Friday, August 14, 2015

The Teacher Persona. Is it you?

Lecture 4 and this time Prof A is looking at the Teacher Persona. Not sure about this lecture as some of what he says is good but some of it is quite old school.

He argues that teachers need to develop a teaching persona that is not necessarily the same as your normal persona and that you are to a certain extent playing a role as a teacher. As a teacher you are not a friend or a family member but a teacher and need to keep a certain distance from your students. Although you need to get to know your students this should be more intellectually than socially. He goes further saying that personal friendships with students shouldn't happen and in many instances are a form of professional misconduct. One of his interviewees talks about his early teaching career where as a young lecturer he wore the same sort of clothes he had done as student. The students just saw him another member of the class. When he began dressing differently, in his case in a tie, the students saw him differently and he was able to create his teacher persona.

Prof A continues by saying that you set the rules and are centre of attention. Here I think he is talking about old style formal mass lectures. In fact one of the people he interviews challenges this and says the only rule he has is mutual respect and that he doesn't like taking a parent role in the classroom. Prof A later tempers his ‘you are the centre of attention and set the rules’ argument by saying that it is perhaps more a situation of benign inequality. He spoils this a bit by then showing a clip where he enforces his no laptops rule and makes students print out the readings for the week. One student makes a reasonable argument that it’s slightly ironic to insist on paper printouts for class on the environment. He is then quite belittling of the student in his response saying that there a more trees in America now than there were in 1900. (A strange argument indeed! There may be more than in 1900 but surely there were more trees in America before 1492.) He said that he had resolved the situation with humour. Some might now call this banter but it looked like bullying to me.
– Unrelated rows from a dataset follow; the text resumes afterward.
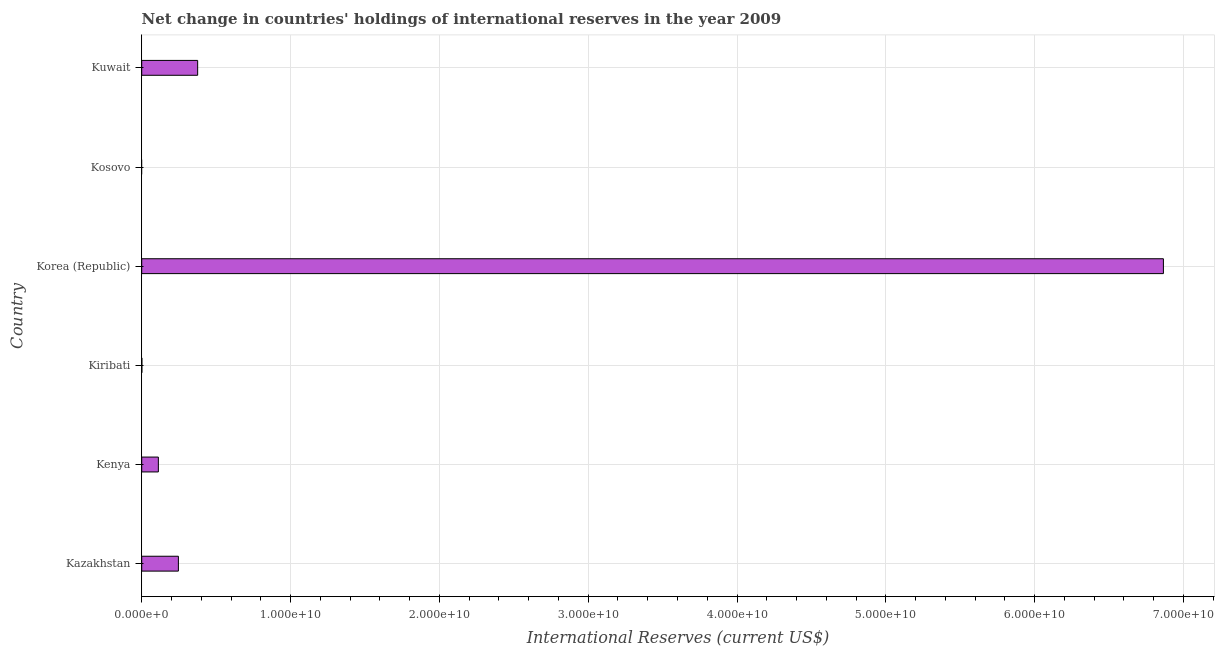Does the graph contain grids?
Provide a short and direct response. Yes. What is the title of the graph?
Offer a very short reply. Net change in countries' holdings of international reserves in the year 2009. What is the label or title of the X-axis?
Make the answer very short. International Reserves (current US$). What is the reserves and related items in Kiribati?
Your answer should be very brief. 9.89e+06. Across all countries, what is the maximum reserves and related items?
Your answer should be very brief. 6.87e+1. Across all countries, what is the minimum reserves and related items?
Offer a very short reply. 0. What is the sum of the reserves and related items?
Offer a terse response. 7.60e+1. What is the difference between the reserves and related items in Kenya and Korea (Republic)?
Provide a short and direct response. -6.75e+1. What is the average reserves and related items per country?
Offer a very short reply. 1.27e+1. What is the median reserves and related items?
Your answer should be compact. 1.79e+09. What is the ratio of the reserves and related items in Kenya to that in Korea (Republic)?
Offer a very short reply. 0.02. Is the reserves and related items in Kenya less than that in Kuwait?
Make the answer very short. Yes. Is the difference between the reserves and related items in Kazakhstan and Kenya greater than the difference between any two countries?
Offer a terse response. No. What is the difference between the highest and the second highest reserves and related items?
Your answer should be very brief. 6.49e+1. Is the sum of the reserves and related items in Kenya and Kiribati greater than the maximum reserves and related items across all countries?
Your answer should be compact. No. What is the difference between the highest and the lowest reserves and related items?
Your answer should be very brief. 6.87e+1. What is the difference between two consecutive major ticks on the X-axis?
Your response must be concise. 1.00e+1. What is the International Reserves (current US$) in Kazakhstan?
Offer a terse response. 2.46e+09. What is the International Reserves (current US$) in Kenya?
Make the answer very short. 1.12e+09. What is the International Reserves (current US$) of Kiribati?
Your answer should be compact. 9.89e+06. What is the International Reserves (current US$) in Korea (Republic)?
Provide a succinct answer. 6.87e+1. What is the International Reserves (current US$) in Kuwait?
Ensure brevity in your answer.  3.76e+09. What is the difference between the International Reserves (current US$) in Kazakhstan and Kenya?
Provide a succinct answer. 1.35e+09. What is the difference between the International Reserves (current US$) in Kazakhstan and Kiribati?
Provide a short and direct response. 2.45e+09. What is the difference between the International Reserves (current US$) in Kazakhstan and Korea (Republic)?
Offer a very short reply. -6.62e+1. What is the difference between the International Reserves (current US$) in Kazakhstan and Kuwait?
Make the answer very short. -1.29e+09. What is the difference between the International Reserves (current US$) in Kenya and Kiribati?
Offer a terse response. 1.11e+09. What is the difference between the International Reserves (current US$) in Kenya and Korea (Republic)?
Make the answer very short. -6.75e+1. What is the difference between the International Reserves (current US$) in Kenya and Kuwait?
Give a very brief answer. -2.64e+09. What is the difference between the International Reserves (current US$) in Kiribati and Korea (Republic)?
Offer a terse response. -6.86e+1. What is the difference between the International Reserves (current US$) in Kiribati and Kuwait?
Ensure brevity in your answer.  -3.75e+09. What is the difference between the International Reserves (current US$) in Korea (Republic) and Kuwait?
Your answer should be very brief. 6.49e+1. What is the ratio of the International Reserves (current US$) in Kazakhstan to that in Kenya?
Make the answer very short. 2.2. What is the ratio of the International Reserves (current US$) in Kazakhstan to that in Kiribati?
Provide a short and direct response. 249.16. What is the ratio of the International Reserves (current US$) in Kazakhstan to that in Korea (Republic)?
Your response must be concise. 0.04. What is the ratio of the International Reserves (current US$) in Kazakhstan to that in Kuwait?
Your response must be concise. 0.66. What is the ratio of the International Reserves (current US$) in Kenya to that in Kiribati?
Your answer should be compact. 113.06. What is the ratio of the International Reserves (current US$) in Kenya to that in Korea (Republic)?
Provide a short and direct response. 0.02. What is the ratio of the International Reserves (current US$) in Kenya to that in Kuwait?
Provide a succinct answer. 0.3. What is the ratio of the International Reserves (current US$) in Kiribati to that in Korea (Republic)?
Give a very brief answer. 0. What is the ratio of the International Reserves (current US$) in Kiribati to that in Kuwait?
Your response must be concise. 0. What is the ratio of the International Reserves (current US$) in Korea (Republic) to that in Kuwait?
Provide a short and direct response. 18.27.

Whilst I agree with the concept of the teacher persona, that you have a particular role to play and that you are not there to be friends with the students, I don’t agree with his you are in charge approach. In a previous language teaching role, in the first class one for the activities was for the class to set the rules of the class. Even though class after class produced the same things I might have suggested, they had created them, had ownership of them and made sure they kept to them in order for the class to run smoothly for all of us. It also got them speaking to each other in the target language and began developing a community within the class from the off.

Yes, teachers should not be friends and there is a role to play but surely it’s one of guide and enabler not dictator.

Friday, July 31, 2015

After some delay it's back to 'The Art of Teaching'

The next lecture in the Great Courses series The Art of Teaching is ‘Starting out right’, where he talks about the importance of the first day of class. He argues that it’s really important to set a strong sense of what’s expected right from the first day. Not for him spending the first day outlining the syllabus and telling people what’s going to happen. It’s much better to get students working from the start. As before he interviews a number of teachers about what they do on the first day including one who sets an assignment that need to be completed for the first class and is then used in that class. One person takes a photograph of each student along with their name on the first day and then puts them up on their office wall. Another makes sure that they have learnt as many of the students name as they can before the class! All of them argue that building a relationship with students is key to good teaching and knowing their names shows that you are prepared to put the effort in to do this. The next element of the first day is to let the students know that you find the material fascinating and why understanding it matters. Following this all of them challenge the students from the off, getting them to work early and setting the expectations for the rest of the course. There are some other somewhat ‘interesting’ parts of the lecture where he talks about being in charge and his right to set the rules. Not quite sure about all that.

The basic tenets of the lecture are to get right into the course on the first day and get to know your students.